NSDI '08 – Abstract
Pp. 189–204 of the Proceedings
BFT Protocols Under Fire
Atul Singh, Max Planck Institute for Software Systems and Rice University; Tathagata Das, IIT Kharagpur; Petros Maniatis, Intel Research Berkeley; Peter Druschel, Max Planck Institute for Software Systems; Timothy Roscoe, ETH Zürich
Abstract
Much recent work on Byzantine state machine replication focuses on
protocols with improved performance under benign conditions
(LANs, homogeneous replicas, limited crash faults), with relatively
little evaluation under typical, practical conditions (WAN delays,
packet loss, transient disconnection, shared resources). This
makes it difficult for system designers to choose the appropriate
protocol for a real target deployment. Moreover, most
protocol implementations differ in their choice of runtime
environment, crypto library, and transport, hindering direct
protocol comparisons even under similar conditions.

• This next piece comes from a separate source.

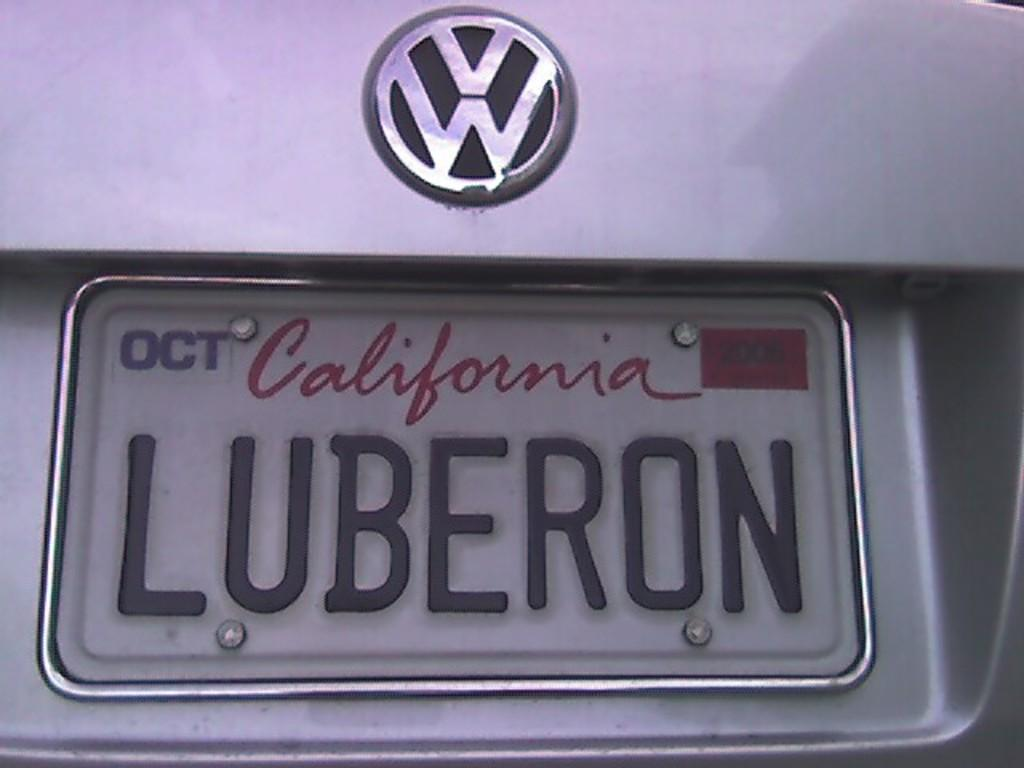Provide a one-sentence caption for the provided image. A Californian licence plate on a VW car.

We present a simulation environment for such protocols that combines a
declarative networking system with a robust network simulator.

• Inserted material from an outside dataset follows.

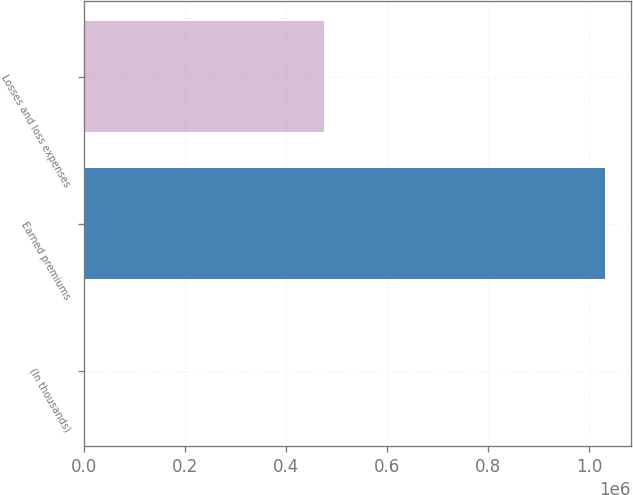Convert chart to OTSL. <chart><loc_0><loc_0><loc_500><loc_500><bar_chart><fcel>(In thousands)<fcel>Earned premiums<fcel>Losses and loss expenses<nl><fcel>2014<fcel>1.03067e+06<fcel>475802<nl></chart>

Protocols can be rapidly implemented from pseudocode in the
high-level declarative language of the former, while network conditions
and (measured) costs of communication packages and crypto primitives can
be plugged into the latter. We show that the resulting simulator
faithfully predicts the performance of
native protocol implementations, both as published and as measured in
our local network.
We use the simulator to compare representative protocols under
identical conditions and rapidly explore the effects of changes in
the costs of crypto operations, workloads, network conditions
and faults. For example, we show that Zyzzyva
outperforms protocols like PBFT and Q/U under most but not all
conditions, indicating that one-size-fits-all protocols may be hard if
not impossible to design in practice.